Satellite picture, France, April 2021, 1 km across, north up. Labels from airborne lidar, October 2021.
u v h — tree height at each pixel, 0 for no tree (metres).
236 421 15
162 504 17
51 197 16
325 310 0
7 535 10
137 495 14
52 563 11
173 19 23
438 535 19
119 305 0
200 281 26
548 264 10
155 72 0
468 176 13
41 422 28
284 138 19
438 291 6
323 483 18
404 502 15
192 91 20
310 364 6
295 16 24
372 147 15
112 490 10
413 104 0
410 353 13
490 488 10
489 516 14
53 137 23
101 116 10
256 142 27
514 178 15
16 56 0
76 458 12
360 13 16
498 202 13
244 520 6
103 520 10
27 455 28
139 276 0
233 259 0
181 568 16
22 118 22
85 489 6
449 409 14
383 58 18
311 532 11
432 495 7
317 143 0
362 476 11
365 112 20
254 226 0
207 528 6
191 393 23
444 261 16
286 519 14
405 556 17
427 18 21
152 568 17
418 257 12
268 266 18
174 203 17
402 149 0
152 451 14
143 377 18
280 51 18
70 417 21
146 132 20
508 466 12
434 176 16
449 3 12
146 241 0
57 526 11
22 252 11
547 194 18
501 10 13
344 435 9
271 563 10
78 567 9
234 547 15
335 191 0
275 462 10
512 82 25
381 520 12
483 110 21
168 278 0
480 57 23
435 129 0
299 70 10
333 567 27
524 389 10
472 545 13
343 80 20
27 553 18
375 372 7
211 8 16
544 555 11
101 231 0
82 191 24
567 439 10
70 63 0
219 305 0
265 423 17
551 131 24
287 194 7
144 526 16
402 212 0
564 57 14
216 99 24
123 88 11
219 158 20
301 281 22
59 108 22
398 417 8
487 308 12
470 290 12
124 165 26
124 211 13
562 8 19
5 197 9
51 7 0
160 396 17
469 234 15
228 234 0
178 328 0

▬▬▬▬▬▬▬▬▬▬

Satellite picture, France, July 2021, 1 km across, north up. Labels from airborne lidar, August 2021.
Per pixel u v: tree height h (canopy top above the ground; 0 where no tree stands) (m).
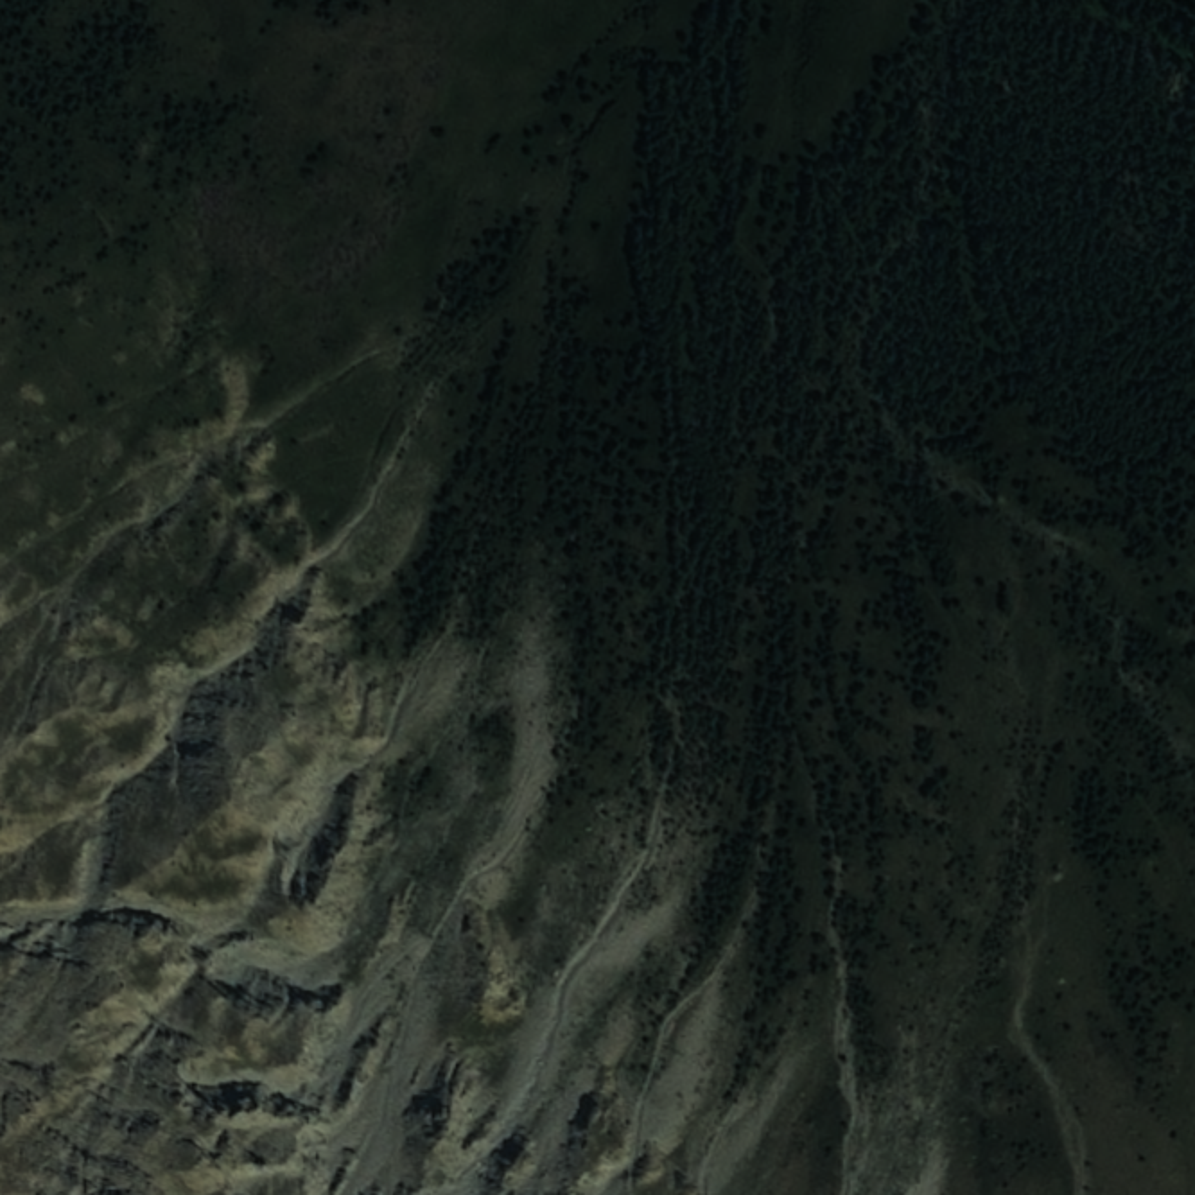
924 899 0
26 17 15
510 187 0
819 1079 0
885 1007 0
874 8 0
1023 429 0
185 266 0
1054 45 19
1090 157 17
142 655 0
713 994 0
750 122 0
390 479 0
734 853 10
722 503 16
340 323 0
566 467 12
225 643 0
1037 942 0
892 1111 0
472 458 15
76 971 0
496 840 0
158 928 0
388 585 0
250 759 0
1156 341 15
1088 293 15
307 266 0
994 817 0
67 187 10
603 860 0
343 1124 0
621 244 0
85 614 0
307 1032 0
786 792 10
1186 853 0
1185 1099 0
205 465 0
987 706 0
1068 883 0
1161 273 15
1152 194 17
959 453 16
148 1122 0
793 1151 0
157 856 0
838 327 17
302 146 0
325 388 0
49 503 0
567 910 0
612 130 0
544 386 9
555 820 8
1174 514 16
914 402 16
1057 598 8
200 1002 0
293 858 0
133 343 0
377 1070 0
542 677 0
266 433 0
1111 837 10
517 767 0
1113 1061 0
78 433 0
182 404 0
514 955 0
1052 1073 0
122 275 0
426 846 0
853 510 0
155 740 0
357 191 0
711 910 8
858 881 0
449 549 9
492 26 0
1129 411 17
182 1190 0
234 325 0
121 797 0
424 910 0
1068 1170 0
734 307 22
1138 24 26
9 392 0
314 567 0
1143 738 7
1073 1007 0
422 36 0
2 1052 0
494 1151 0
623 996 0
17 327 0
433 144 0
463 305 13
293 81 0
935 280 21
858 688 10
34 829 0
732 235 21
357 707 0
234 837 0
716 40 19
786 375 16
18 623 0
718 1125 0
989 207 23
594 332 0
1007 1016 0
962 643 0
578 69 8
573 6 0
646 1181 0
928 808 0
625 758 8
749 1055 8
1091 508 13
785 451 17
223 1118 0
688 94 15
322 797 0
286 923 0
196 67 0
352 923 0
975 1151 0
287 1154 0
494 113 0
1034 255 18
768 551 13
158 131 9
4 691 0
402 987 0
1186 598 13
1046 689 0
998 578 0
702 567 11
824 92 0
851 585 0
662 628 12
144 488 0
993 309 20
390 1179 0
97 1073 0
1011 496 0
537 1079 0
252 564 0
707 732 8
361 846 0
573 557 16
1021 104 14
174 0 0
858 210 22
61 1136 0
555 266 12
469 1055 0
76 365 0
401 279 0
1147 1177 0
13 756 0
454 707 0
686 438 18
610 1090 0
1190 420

▬▬▬▬▬▬▬▬▬▬

#### EXERCISE PROMPT:
Across the data, find each line that has "pixel" in it and copy that line.

#### ANSWER TO THE PROBLEM:
u v h — tree height at each pixel, 0 for no tree (metres).
Per pixel u v: tree height h (canopy top above the ground; 0 where no tree stands) (m).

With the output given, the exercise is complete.